#### Directions for this task
Leaving out all pictures, repeat exactly the lines from the one that holds "Where does it" to the last line of the entries below.

□ □ □

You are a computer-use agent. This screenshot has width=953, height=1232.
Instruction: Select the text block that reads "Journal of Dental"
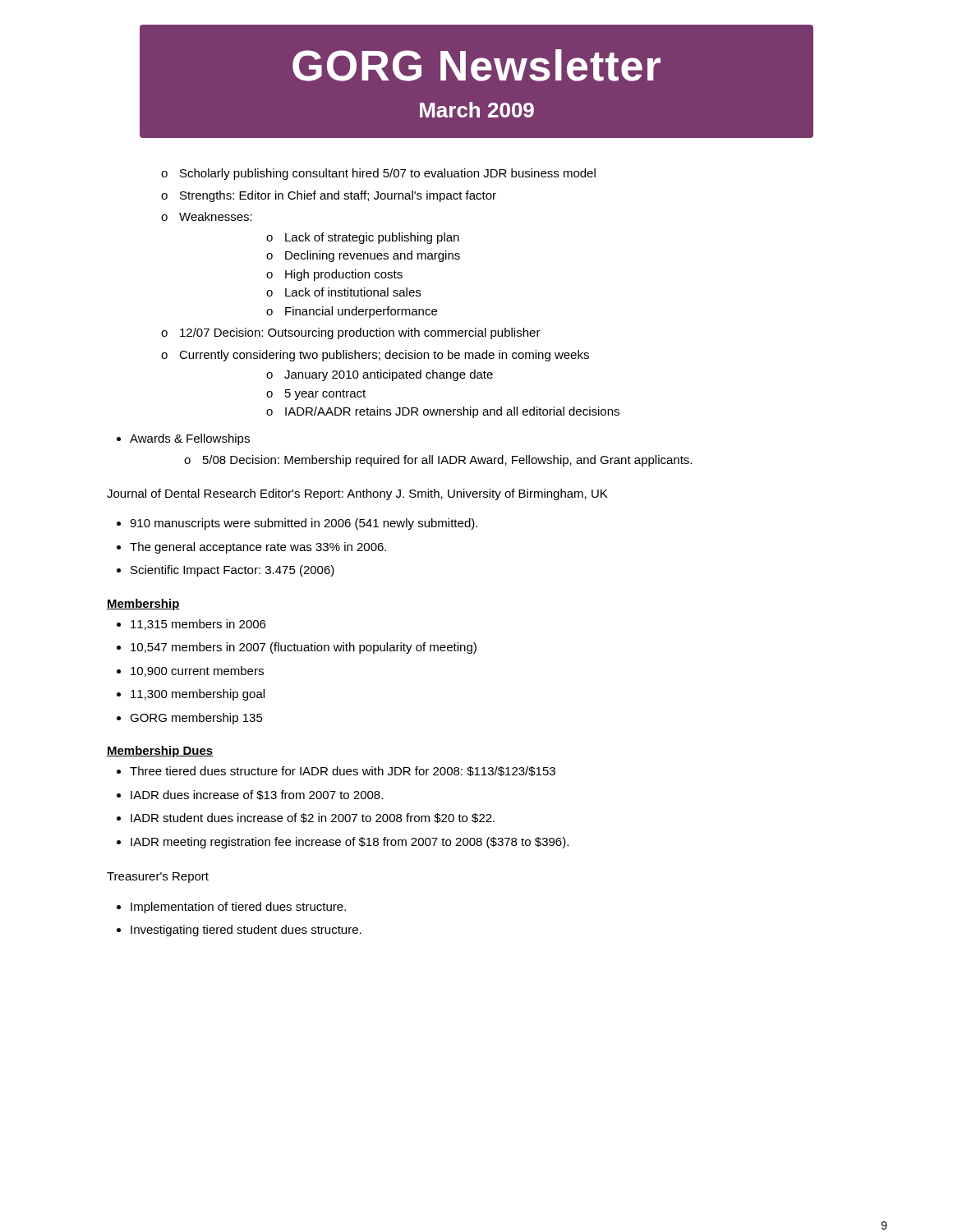point(357,493)
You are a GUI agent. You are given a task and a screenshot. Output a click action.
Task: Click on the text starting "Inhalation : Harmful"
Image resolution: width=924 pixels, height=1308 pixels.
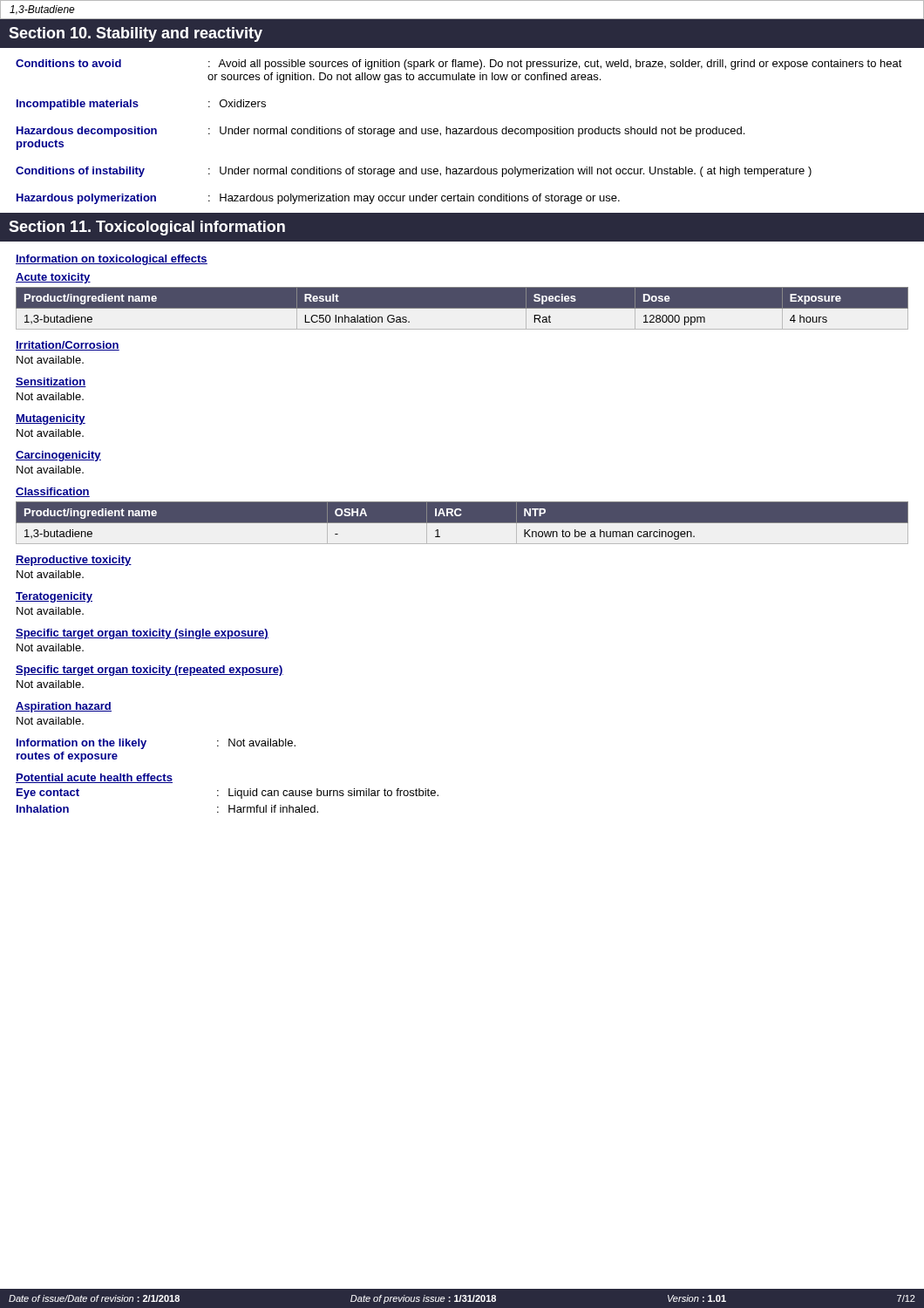[x=43, y=809]
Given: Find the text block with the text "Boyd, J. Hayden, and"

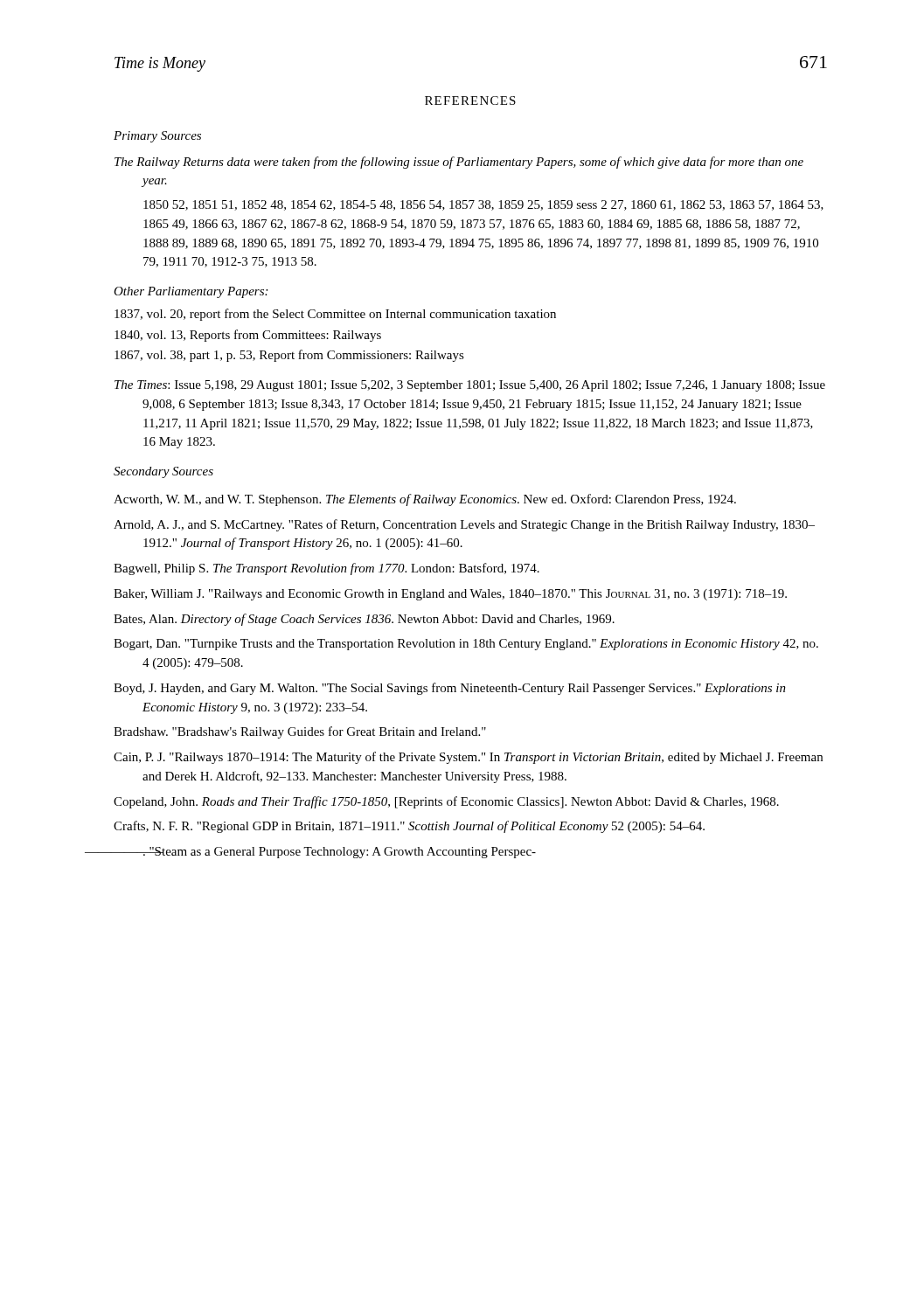Looking at the screenshot, I should pyautogui.click(x=450, y=697).
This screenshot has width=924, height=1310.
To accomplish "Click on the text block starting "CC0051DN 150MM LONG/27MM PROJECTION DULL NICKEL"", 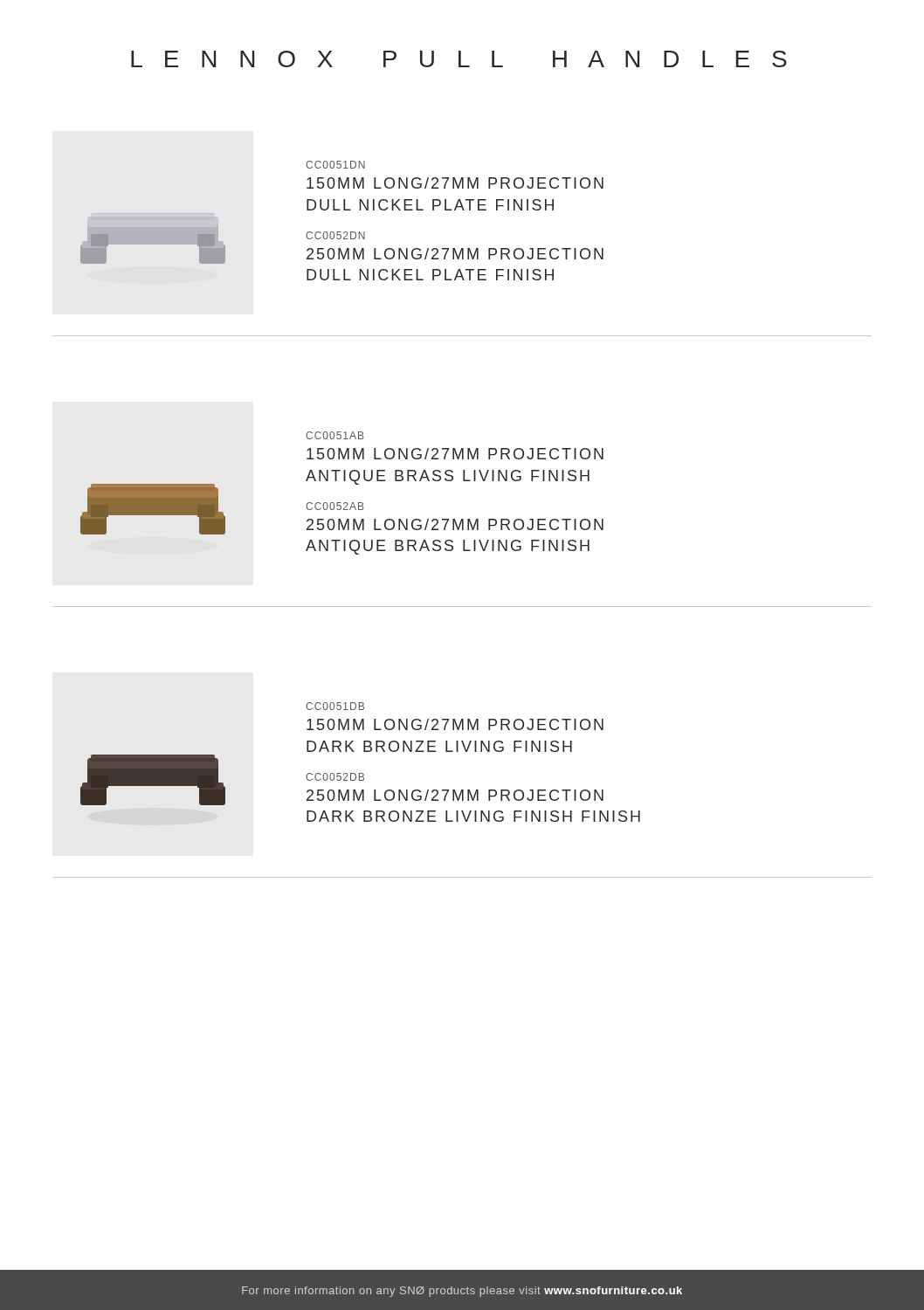I will [x=335, y=165].

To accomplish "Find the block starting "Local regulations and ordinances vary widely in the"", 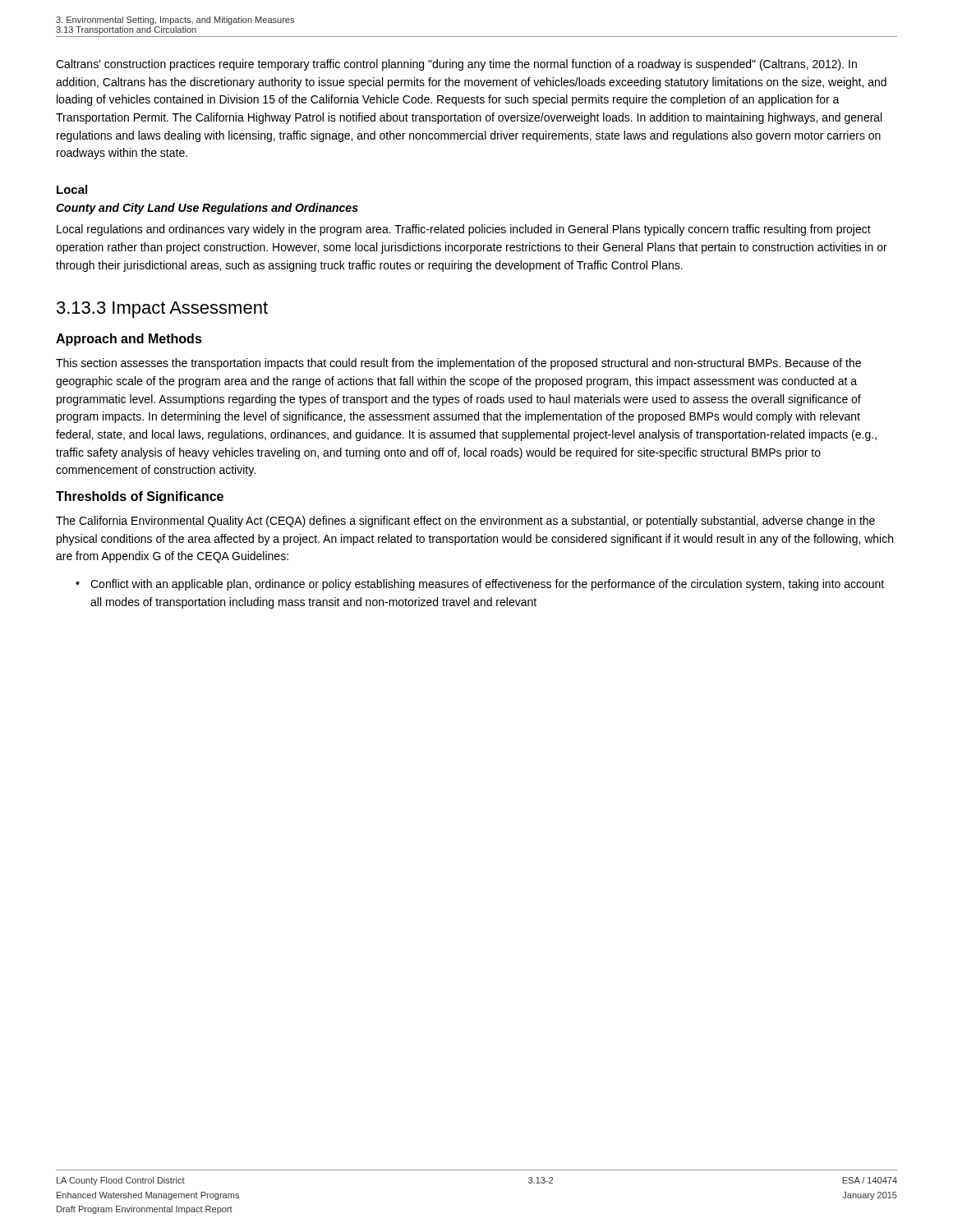I will tap(476, 248).
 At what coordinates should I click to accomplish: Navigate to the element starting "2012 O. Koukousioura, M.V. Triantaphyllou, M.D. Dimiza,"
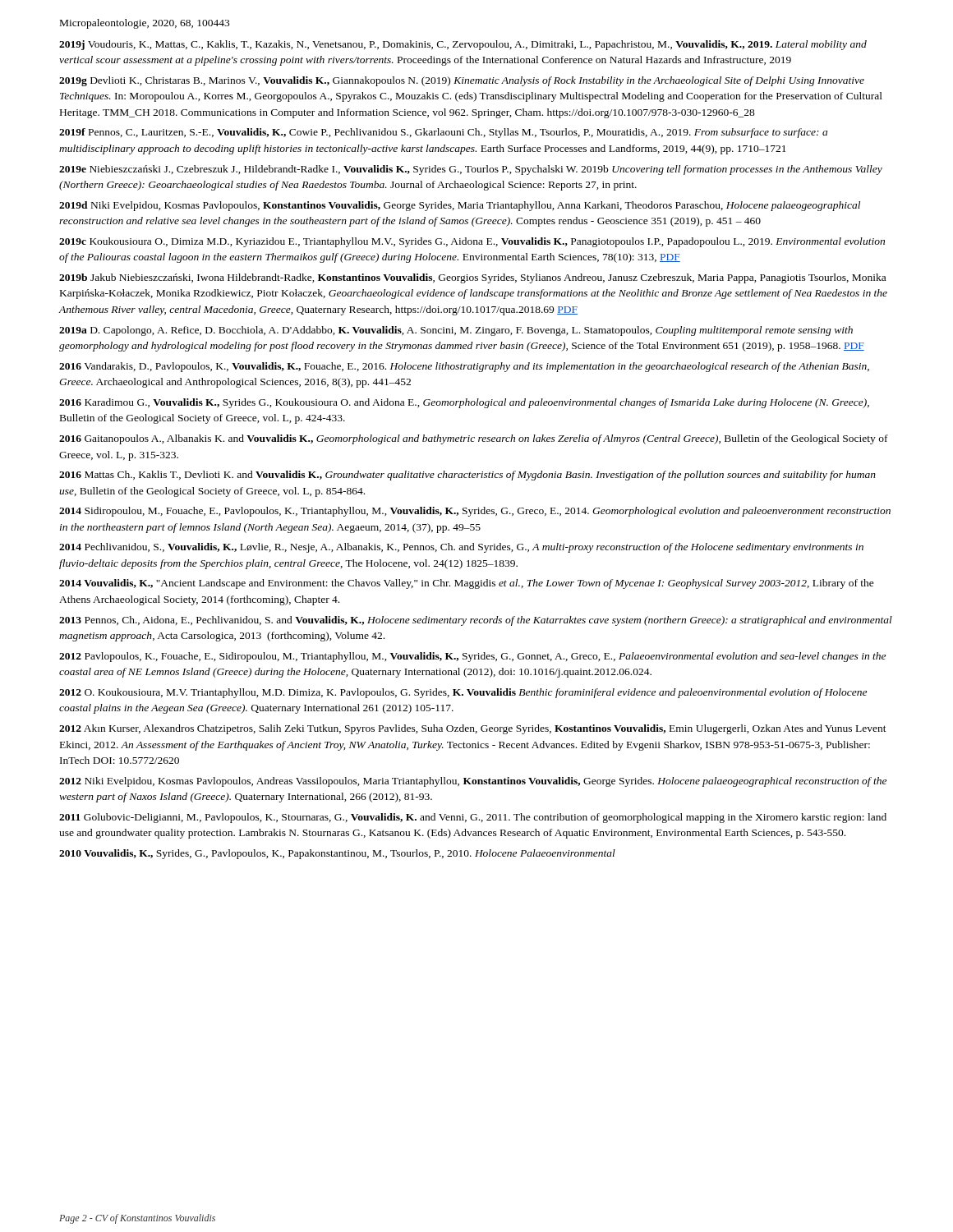coord(463,700)
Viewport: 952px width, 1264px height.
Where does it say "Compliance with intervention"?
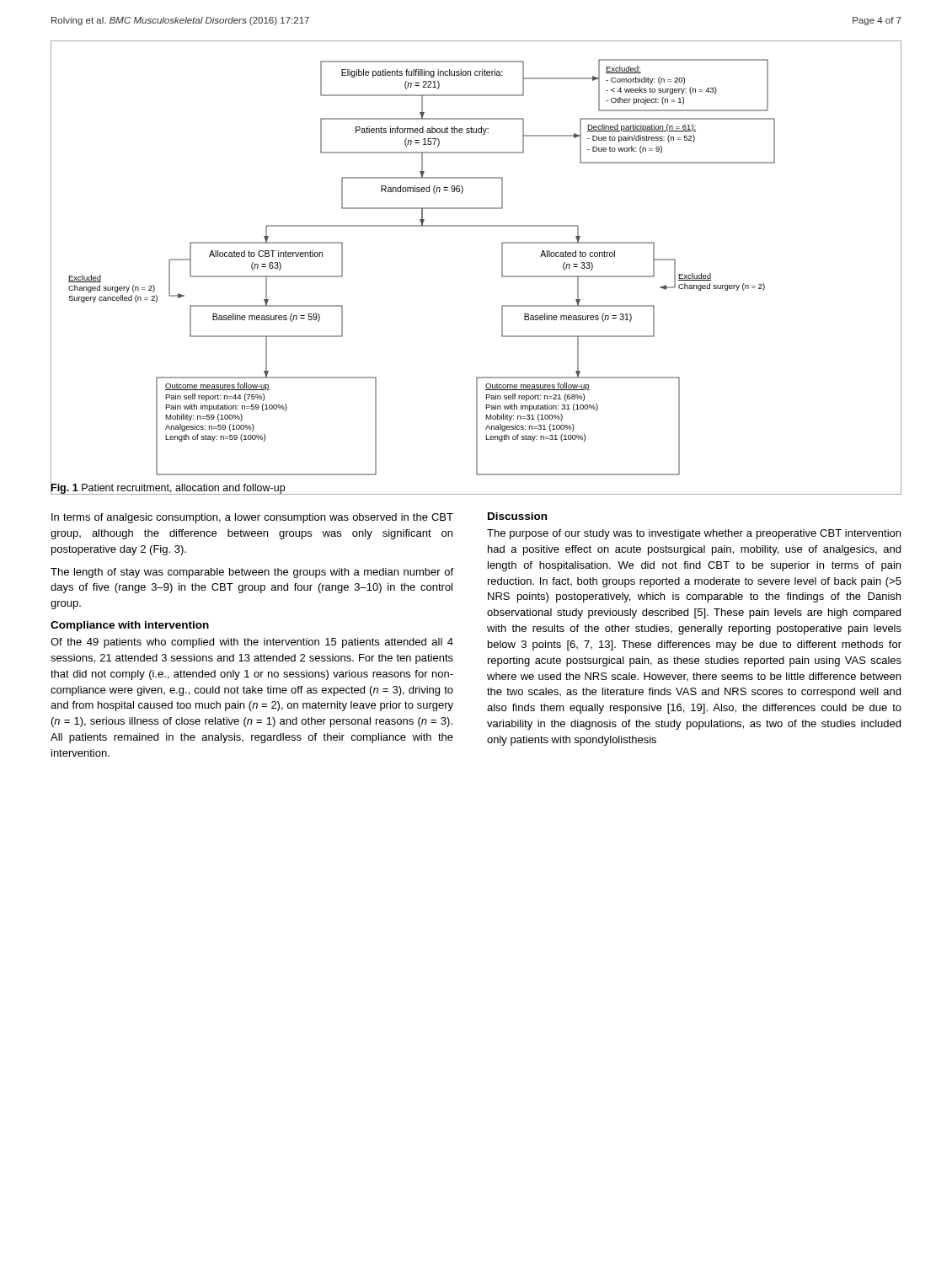pyautogui.click(x=130, y=625)
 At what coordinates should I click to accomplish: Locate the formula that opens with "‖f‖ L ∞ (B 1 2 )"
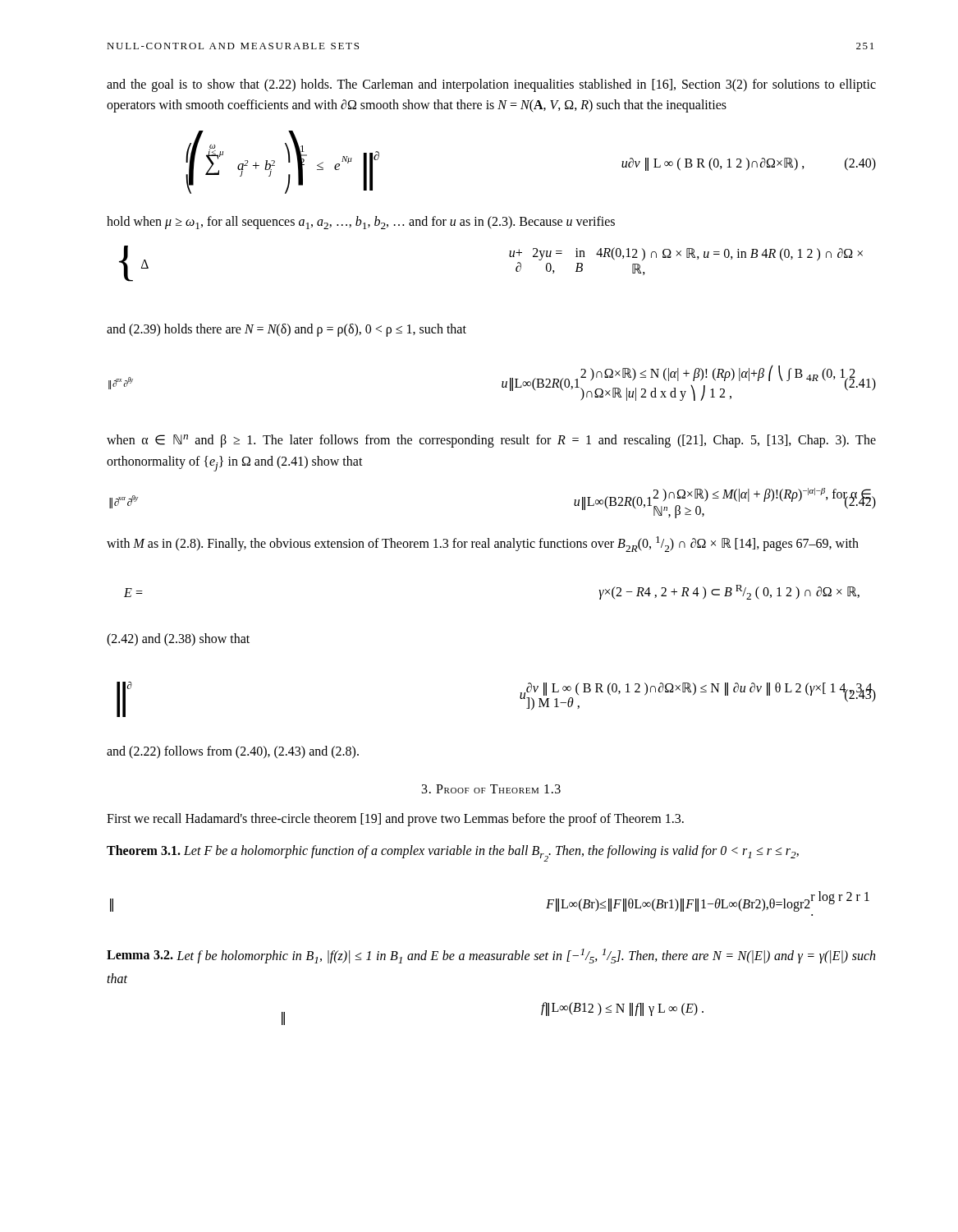[x=283, y=1013]

□ □ □

#### Exercise response
Where does it say "Compliance with intervention"?
pyautogui.click(x=130, y=625)
 At what coordinates should I click to accomplish: Locate the formula that opens with "‖f‖ L ∞ (B 1 2 )"
[x=283, y=1013]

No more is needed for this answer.